Information in journals that exist at the fringes or even outside the corpus of scientific literature can be quite valuable. But there is no excuse for courts to continue to rely on the existence such publications as proof of scientific validity. After all, the nature of the AFTE Journal is no secret to the legal profession. One prominent law review article explained that:
Another major limitation of the current forensic science culture relates to several of the publication venues for the pattern identification field. Several of the most significant journals focused on publishing pattern identification research simply do not comport with broader norms of access, dissemination, or peer review typically associated with scientific publishing. For example, the AFTE Journal, a quarterly publication of the Association of Firearm and Toolmark Examiners, has published numerous articles on firearms identification. WorldCat—the largest online catalog of library materials, which includes the holdings of 72,000 libraries worldwide, including virtually every university-based library in the United States—lists only eighteen libraries with a copy of this journal in their holdings. Furthermore, the AFTE Journal does not appear to be indexed or included in any major indexing service anywhere. The only available index to AFTE was created by an individual firearms examiner on his own initiative and was not continued past 2005. Moreover, peer review of submissions to AFTE is not blind; the author and the reviewer are both aware of each other’s identity. In addition, the peer reviewers appear to come entirely from the editorial board, which consists entirely of AFTE members, and therefore includes no members from outside the toolmark and firearms practitioner community. This journal therefore appears to have extremely limited dissemination beyond the members of AFTE itself; completely lacks integration with any of the voluminous networks for the production and exchange of scientific research information; and engages in peer review that is neither blind nor draws upon an extensive network of researchers. None of this is compatible with an accessible, rigorous, transparent culture of research. 5/
This does not mean that no scientific literature on "the AFTE method" in which Detective LaCova was trained exists. Journals that meet the criteria listed by the National Commission have published articles on various aspects of the process for matching striations and the inferences that can be drawn from them. It is this literature that courts interested in "publications and peer review" should consult before they make up their minds.

Notes
  1. Gabbard v. Linn-Benton Housing Authority, 219 F.Supp.2d 1130, 1137 (D. Or. 2002).

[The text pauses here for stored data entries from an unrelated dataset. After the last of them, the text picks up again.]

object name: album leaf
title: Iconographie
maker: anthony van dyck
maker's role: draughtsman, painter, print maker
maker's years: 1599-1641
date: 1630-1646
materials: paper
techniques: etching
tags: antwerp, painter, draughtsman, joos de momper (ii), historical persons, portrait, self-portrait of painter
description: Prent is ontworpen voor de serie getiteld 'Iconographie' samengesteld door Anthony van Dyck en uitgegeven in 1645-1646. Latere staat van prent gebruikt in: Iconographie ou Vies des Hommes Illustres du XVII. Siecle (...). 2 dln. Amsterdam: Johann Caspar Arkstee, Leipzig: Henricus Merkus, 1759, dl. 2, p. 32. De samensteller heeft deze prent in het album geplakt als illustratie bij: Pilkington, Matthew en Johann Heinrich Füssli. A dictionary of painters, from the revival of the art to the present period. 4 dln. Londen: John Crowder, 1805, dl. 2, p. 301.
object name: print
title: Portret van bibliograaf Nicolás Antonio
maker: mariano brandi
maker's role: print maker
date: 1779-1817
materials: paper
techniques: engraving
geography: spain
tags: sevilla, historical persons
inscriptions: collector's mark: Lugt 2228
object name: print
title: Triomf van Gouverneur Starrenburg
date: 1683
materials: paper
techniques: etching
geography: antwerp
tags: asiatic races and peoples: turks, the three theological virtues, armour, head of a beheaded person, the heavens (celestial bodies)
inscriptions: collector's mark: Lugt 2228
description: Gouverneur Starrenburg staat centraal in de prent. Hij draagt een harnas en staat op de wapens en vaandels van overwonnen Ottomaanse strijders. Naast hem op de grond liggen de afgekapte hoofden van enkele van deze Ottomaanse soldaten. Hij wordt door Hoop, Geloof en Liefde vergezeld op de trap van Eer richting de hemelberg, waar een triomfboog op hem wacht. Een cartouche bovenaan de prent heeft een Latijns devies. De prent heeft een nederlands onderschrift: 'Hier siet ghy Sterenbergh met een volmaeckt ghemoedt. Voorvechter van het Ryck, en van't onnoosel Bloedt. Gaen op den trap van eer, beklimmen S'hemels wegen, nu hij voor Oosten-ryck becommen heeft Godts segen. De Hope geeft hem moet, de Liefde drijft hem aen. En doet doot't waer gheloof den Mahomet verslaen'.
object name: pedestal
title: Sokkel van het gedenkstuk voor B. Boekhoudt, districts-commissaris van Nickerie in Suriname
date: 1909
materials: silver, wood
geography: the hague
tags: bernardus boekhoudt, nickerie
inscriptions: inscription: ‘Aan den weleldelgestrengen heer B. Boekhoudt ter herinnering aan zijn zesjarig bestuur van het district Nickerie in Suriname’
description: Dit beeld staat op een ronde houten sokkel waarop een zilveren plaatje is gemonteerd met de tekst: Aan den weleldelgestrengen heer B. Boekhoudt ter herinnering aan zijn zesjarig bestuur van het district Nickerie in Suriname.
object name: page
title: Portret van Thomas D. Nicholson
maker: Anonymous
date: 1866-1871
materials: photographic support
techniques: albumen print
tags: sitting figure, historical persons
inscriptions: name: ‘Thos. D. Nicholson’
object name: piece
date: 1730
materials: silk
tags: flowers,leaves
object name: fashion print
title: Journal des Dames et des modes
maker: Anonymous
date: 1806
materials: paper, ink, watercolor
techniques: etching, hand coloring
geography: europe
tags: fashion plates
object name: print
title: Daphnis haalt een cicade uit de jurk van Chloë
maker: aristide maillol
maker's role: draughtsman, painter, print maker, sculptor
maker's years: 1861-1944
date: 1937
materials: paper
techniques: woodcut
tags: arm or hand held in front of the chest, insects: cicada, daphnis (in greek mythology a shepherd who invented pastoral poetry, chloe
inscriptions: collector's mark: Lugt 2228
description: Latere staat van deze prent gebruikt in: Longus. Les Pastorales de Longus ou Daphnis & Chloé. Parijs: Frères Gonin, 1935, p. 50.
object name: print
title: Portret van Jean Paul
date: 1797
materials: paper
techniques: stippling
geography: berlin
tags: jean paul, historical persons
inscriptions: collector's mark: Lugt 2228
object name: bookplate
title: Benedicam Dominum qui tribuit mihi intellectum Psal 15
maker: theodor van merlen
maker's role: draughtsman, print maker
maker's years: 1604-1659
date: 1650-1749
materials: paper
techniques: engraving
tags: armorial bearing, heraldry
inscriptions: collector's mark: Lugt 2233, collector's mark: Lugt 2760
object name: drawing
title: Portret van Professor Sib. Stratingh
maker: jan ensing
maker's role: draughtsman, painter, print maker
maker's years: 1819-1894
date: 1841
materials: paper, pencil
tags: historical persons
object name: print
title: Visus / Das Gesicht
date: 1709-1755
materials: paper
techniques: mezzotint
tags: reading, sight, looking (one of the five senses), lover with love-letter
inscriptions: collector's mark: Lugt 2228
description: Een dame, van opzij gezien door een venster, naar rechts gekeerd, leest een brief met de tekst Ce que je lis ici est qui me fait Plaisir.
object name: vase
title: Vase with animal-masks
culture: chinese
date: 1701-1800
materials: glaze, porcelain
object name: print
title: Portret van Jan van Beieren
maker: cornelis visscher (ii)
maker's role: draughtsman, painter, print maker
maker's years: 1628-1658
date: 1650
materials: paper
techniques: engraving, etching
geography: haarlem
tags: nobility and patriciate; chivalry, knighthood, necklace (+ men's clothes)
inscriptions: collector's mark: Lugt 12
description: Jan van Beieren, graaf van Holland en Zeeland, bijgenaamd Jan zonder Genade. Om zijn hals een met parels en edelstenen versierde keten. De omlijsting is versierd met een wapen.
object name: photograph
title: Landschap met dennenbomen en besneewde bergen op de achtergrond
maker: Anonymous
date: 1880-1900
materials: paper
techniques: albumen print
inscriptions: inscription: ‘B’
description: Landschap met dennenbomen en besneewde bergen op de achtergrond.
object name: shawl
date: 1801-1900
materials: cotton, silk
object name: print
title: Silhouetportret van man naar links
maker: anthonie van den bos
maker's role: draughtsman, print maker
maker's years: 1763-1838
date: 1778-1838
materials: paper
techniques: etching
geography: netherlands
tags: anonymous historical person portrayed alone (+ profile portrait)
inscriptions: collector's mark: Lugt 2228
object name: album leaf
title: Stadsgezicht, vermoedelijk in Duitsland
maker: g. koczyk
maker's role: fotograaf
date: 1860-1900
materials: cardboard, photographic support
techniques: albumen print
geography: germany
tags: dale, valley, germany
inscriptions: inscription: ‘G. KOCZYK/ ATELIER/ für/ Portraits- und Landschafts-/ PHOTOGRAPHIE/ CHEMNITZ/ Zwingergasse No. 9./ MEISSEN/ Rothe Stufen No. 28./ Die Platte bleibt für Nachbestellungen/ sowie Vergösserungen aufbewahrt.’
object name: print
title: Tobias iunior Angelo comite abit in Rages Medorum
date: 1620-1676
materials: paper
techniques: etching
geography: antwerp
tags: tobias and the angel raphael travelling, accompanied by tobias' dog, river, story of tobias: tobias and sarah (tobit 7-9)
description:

  2. No. 11–CR–0303 (NGG), 2015 WL 739928 (E.D.N.Y. Feb. 20, 2015).
  3. See also, e.g., United States v. Otero, 849 F.Supp.2d 425, 433 (D.N.J. 2012) (“AFTE theory is subject to peer review through submission to and publication by the AFTE Journal of validation studies which test the theory.”); Commonwealth v. Pytou Heang, 942 N.E.2d 927, 939 n.20 (Mass. 2011) (“The Association of Firearm and Toolmark Examiners (AFTE) is an organization of firearm and toolmark examiners that publishes the peer-reviewed AFTE Journal.”).
  4. The journal's webpage, from which these quotations are taken, does not list the institutional affiliations of its editorial board members.
  5. Jennifer L. Mnookin et al., The Need for a Research Culture in the Forensic Sciences, 58 UCLA L. Rev. 725, 754-56 (2011) (notes omitted).